- Episode no.: Season 3 Episode 20
- Directed by: LeVar Burton
- Written by: Chris Black; David A. Goodman;
- Production code: 320
- Original air date: April 28, 2004

Guest appearances
- Randy Oglesby - Degra; Rick Worthy - Jannar; Bob Morrisey - Xindi-Reptilian Captain; Seth MacFarlane - Ensign Rivers; Kipleigh Brown - Taylor;

Episode chronology
| ← Previous "Damage" | Next → "E²" |
- Star Trek: Enterprise season 3

= The Forgotten (Star Trek: Enterprise) =

"The Forgotten" is the seventy-second episode of the American science fiction television series Star Trek: Enterprise, the twentieth episode of season three. It first aired on April 28, 2004, on UPN in the United States.
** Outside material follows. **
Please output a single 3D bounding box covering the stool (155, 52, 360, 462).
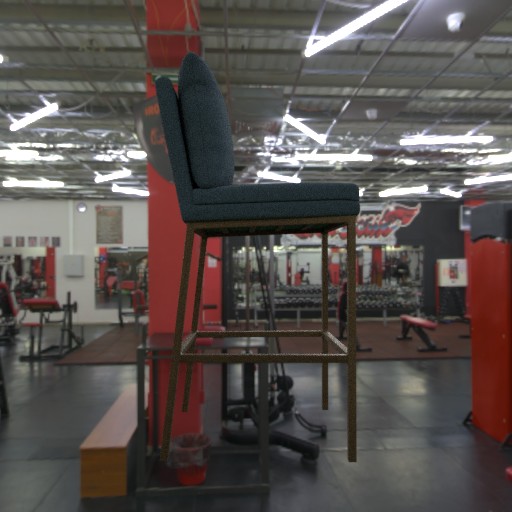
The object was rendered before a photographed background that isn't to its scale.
[{"bbox_3d":[0.000,0.000,1.427,0.568,1.124,0.463,0,-1,-1],"label":"stool"}]

Set in the 22nd century, the series follows the adventures of the first Starfleet starship Enterprise, registration NX-01. Season three of Enterprise features an ongoing story following an attack on Earth by previously unknown aliens called the Xindi - a group of five surviving races who each evolved on the same planet. The Enterprise enters the Delphic Expanse seeking to stop the super-weapon with which the Xindi intend to destroy Earth.

==Plot==
Captain Archer tells the crew that they will continue their mission, but will remember the 18 crew members who died in the recent battle with the Xindi ("Azati Prime"). He directs Enterprise to rendezvous with Degra. He also orders Commander Tucker to write a letter to the parents of Jane Taylor, a member of his engineering team who died in a recent battle. Also, Sub-Commander T'Pol discusses with Doctor Phlox the consequences of her Trellium addiction, and is troubled when he tells her the inability to fully control her emotions may be permanent.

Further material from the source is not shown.